Car Valkyria chronicles n’est pas non plus un titre parfait. Son premier faux pas est de chercher à revisiter la Deuxième Guerre mondiale par le biais d’une Europe fantasmée qui fait bien peu de cas de la réalité historique. Incapable de concilier la réalité des faits à son atmosphère giga-gnangnan, Valkyria traite l’histoire comme un supermarché kitschos et pioche les symboles les plus lourds avec un enthousiasme douteux (uniformes nazis parce que c’est choupi, camps de concentration à la limite de la colo’, au secours, n’en jetez plus). Forcément, confronté à cette ambiance Papa Schultz, le joueur sent rapidement monter la juste moutarde de l’indignation. Et pourtant… Le titre affiche une telle légèreté, s’appuie tellement sur les codes du RPG 16-bits qu’on n’arrive jamais à lui en vouloir. Comment ne pas réaliser qu’il n’y a là qu’une maladresse embarrassante ? Parcouru de personnages stéréotypés (la méchante à gros seins, le grand noir bourru qui rêve d’ouvrir une ferme de légumes bio, la serveuse raciste à l’enfance traumatisée qui comprendra trop tard son erreur), Valkyria plane à quinze mille. Les développeurs eux-même ne savent pas trop ce qu’ils font, comme en témoigne cet extrait d’interview accordée à Gamasutra : « [A travers Valkyria], j’aimerais que les joueurs japonais prennent conscience de ce qui passe dans le monde et de l’histoire telle qu’elle s’est déroulée en dehors du Japon et de l’Asie ». Non les mecs, l’animal de compagnie number one en Europe n’est pas le petit cochon ailé. Nein, le concept de la race aryenne n’avait rien à voir avec des guerrières bonnasses qui éventrent des tanks à grands coups de rayon laser. Tant qu’à raconter n’importe quoi, vous auriez pu assumer. Bref.

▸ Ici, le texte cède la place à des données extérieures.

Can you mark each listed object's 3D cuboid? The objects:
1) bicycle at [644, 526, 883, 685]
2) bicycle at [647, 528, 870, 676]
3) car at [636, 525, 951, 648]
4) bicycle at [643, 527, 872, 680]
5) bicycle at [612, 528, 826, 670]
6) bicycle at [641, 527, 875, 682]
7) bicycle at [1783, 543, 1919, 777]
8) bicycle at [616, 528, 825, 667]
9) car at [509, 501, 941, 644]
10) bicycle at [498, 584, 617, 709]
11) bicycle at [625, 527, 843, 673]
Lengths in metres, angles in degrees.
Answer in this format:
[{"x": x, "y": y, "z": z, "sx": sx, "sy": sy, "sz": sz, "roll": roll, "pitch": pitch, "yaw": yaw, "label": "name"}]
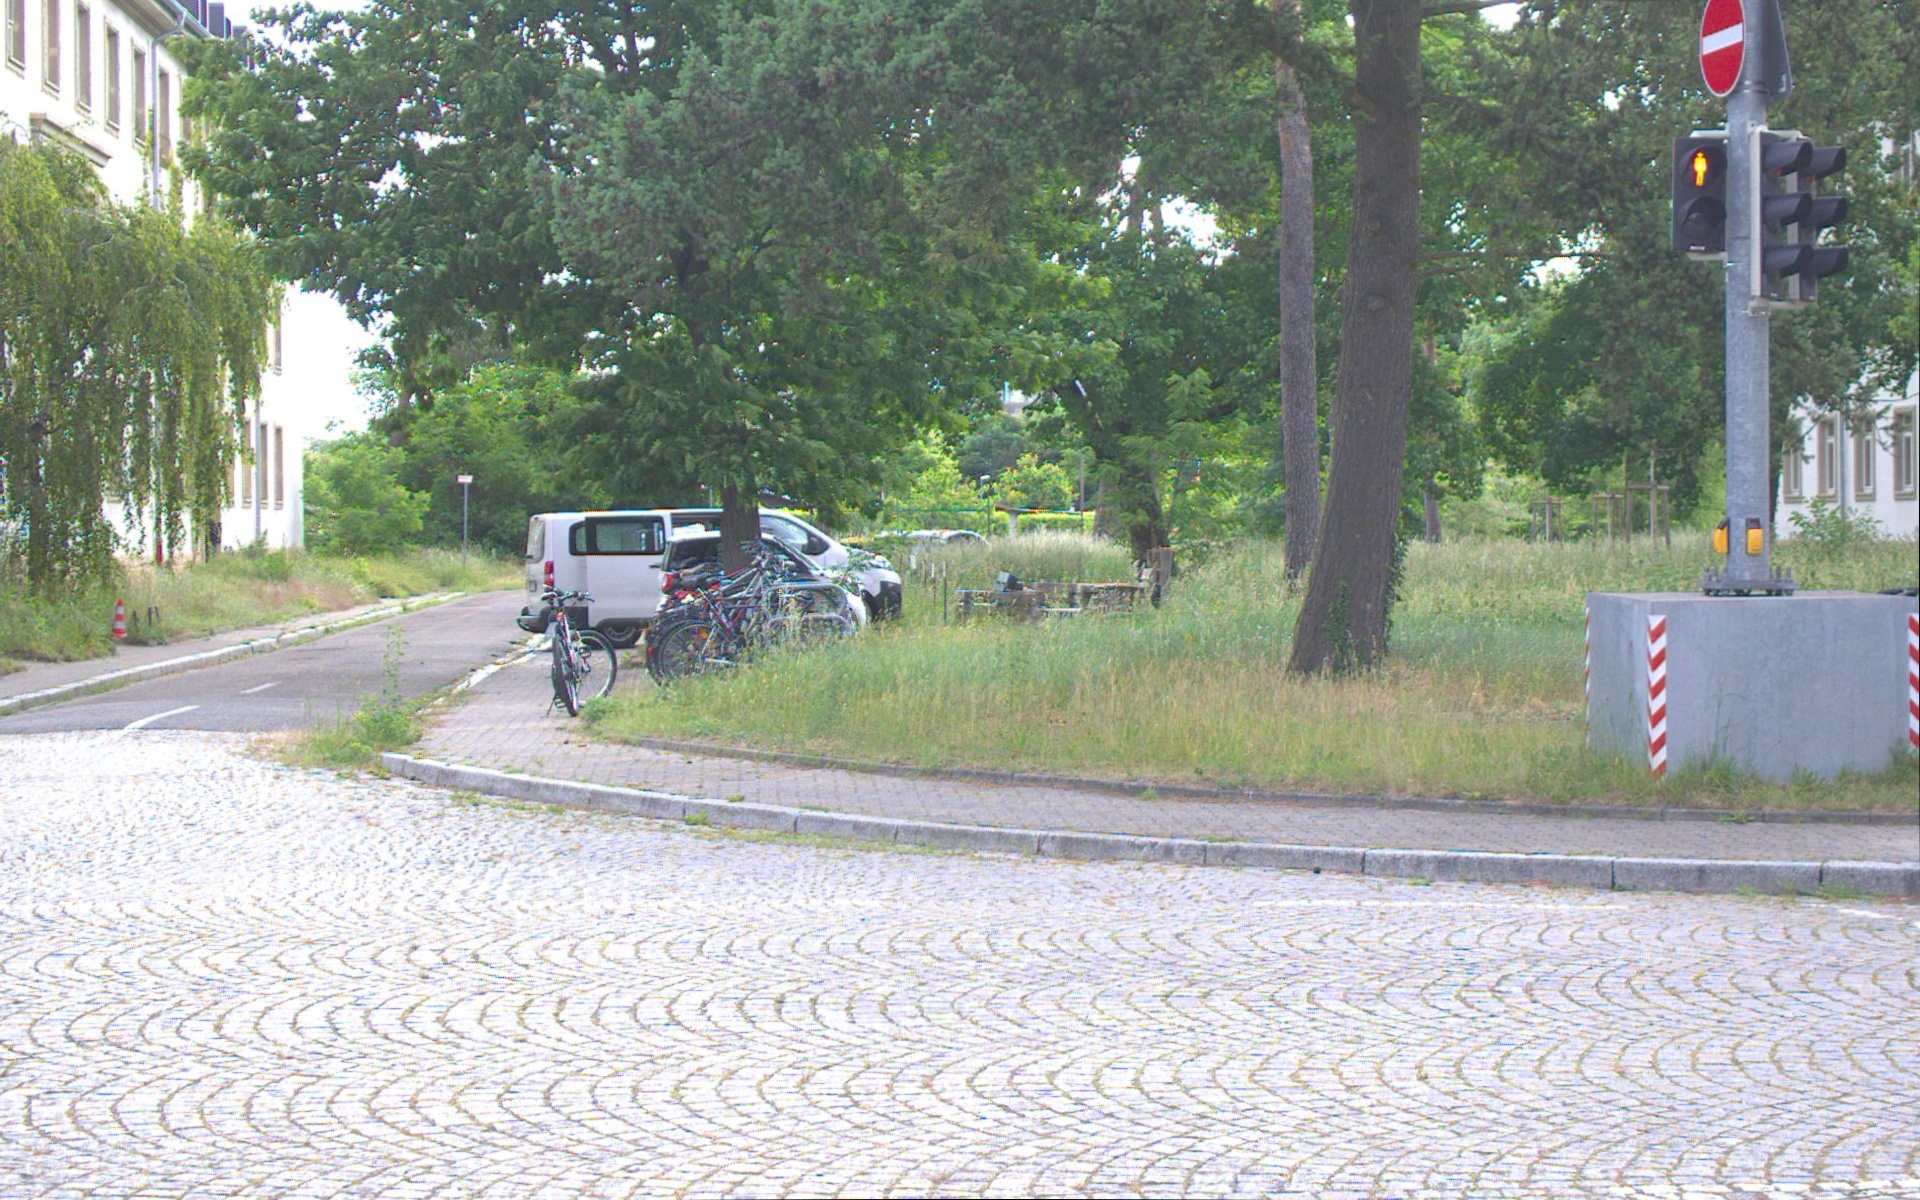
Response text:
[{"x": -1.721, "y": 0.043, "z": 30.240, "sx": 2.069, "sy": 1.373, "sz": 0.620, "roll": 0, "pitch": 1, "yaw": -3, "label": "bicycle"}, {"x": -1.891, "y": 0.012, "z": 32.327, "sx": 2.069, "sy": 1.373, "sz": 0.620, "roll": 0, "pitch": 1, "yaw": -3, "label": "bicycle"}, {"x": -2.198, "y": -0.198, "z": 44.756, "sx": 3.931, "sy": 1.539, "sz": 2.001, "roll": 0, "pitch": 1, "yaw": -8, "label": "car"}, {"x": -1.849, "y": 0.023, "z": 31.531, "sx": 2.069, "sy": 1.373, "sz": 0.620, "roll": 0, "pitch": 1, "yaw": -3, "label": "bicycle"}, {"x": -2.365, "y": -0.021, "z": 33.841, "sx": 2.069, "sy": 1.373, "sz": 0.620, "roll": 0, "pitch": 1, "yaw": -3, "label": "bicycle"}, {"x": -1.807, "y": 0.032, "z": 30.907, "sx": 2.069, "sy": 1.373, "sz": 0.620, "roll": 0, "pitch": 1, "yaw": -3, "label": "bicycle"}, {"x": 5.123, "y": 0.287, "z": 18.303, "sx": 0.908, "sy": 1.173, "sz": 1.875, "roll": 0, "pitch": 1, "yaw": -4, "label": "bicycle"}, {"x": -2.397, "y": -0.031, "z": 34.588, "sx": 2.069, "sy": 1.373, "sz": 0.620, "roll": 0, "pitch": 1, "yaw": -3, "label": "bicycle"}, {"x": -3.302, "y": -0.411, "z": 48.071, "sx": 5.690, "sy": 1.904, "sz": 2.231, "roll": -1, "pitch": 1, "yaw": -15, "label": "car"}, {"x": -3.302, "y": 0.365, "z": 28.366, "sx": 0.618, "sy": 0.960, "sz": 2.076, "roll": 0, "pitch": 1, "yaw": 3, "label": "bicycle"}, {"x": -2.167, "y": -0.008, "z": 33.112, "sx": 2.069, "sy": 1.373, "sz": 0.620, "roll": 0, "pitch": 1, "yaw": -3, "label": "bicycle"}]

Malgré sa bêtise affligeante, cette atmosphère légère possède au moins un avantage : renouer avec les plus belles heures du grand Sega, ce fameux blue sky dont les dévots réclamaient le retour à corps et à cri. Qu’ils se rassurent, leurs voeux ont été exaucés. En nouvel empereur du RPG Ricoré, Valkyria vous invite à faire la guerre entre deux croissants et une tasse de café, et c’est sous un ciel éclatant que le joueur arpentera les collines dodues d’une Europe vieillotte aux commandes de la septième escouade. C’est un fait, Valkyria sent bon le four à pain, au point que beaucoup se cacheront le visage devant tant de niaiserie. Les autres tomberont instantanément sous le charme et se laisseront porter par les belles histoires de tolérance et d’amitié que le titre déroule au rythme d’une saison de shônen. Facile au joueur, Valkyria ne s’embarrasse pas de grinding ou de combats aléatoires assommants. On entre pépère dans ce jeu huilé où les combats succèdent aux épisodes narratifs avec une régularité de métronome. Simple, mais diablement efficace, l’entre-deux combats s’avère généreux en récompenses et chaque victoire donne l’impression d’avoir fait un pas de géant. Jugez plutôt : en plus des phases d’expérience et du passage obligé par le magasin, le joueur pourra demander audience auprès de la princesse du royaume pour récupérer des médailles, parcourir les articles de la gigantesque encyclopédie du jeu qui évoluent en même temps que l’histoire, rejoindre le cimetière pour apprendre de nouvelles stratégies auprès d’un vieux militaire et surtout financer une journaliste à casquette de Gavroche pour enquêter sur les membres de son escouade. Chaque article de la blondinette ouvrira sur de nouveaux chapitres, qui vont du développement scénaristique mineur (la septième escouade en vacances à la mer avec maillots de bain et jeux de ballon, I kid you not) à la révélation sur un personnage, et proposent parfois leur propre map de combat. Fort de son découpage impeccable, Valkyria chronicles est en tout cas un modèle d’équilibre qui offre toujours quelque chose à faire ou à découvrir.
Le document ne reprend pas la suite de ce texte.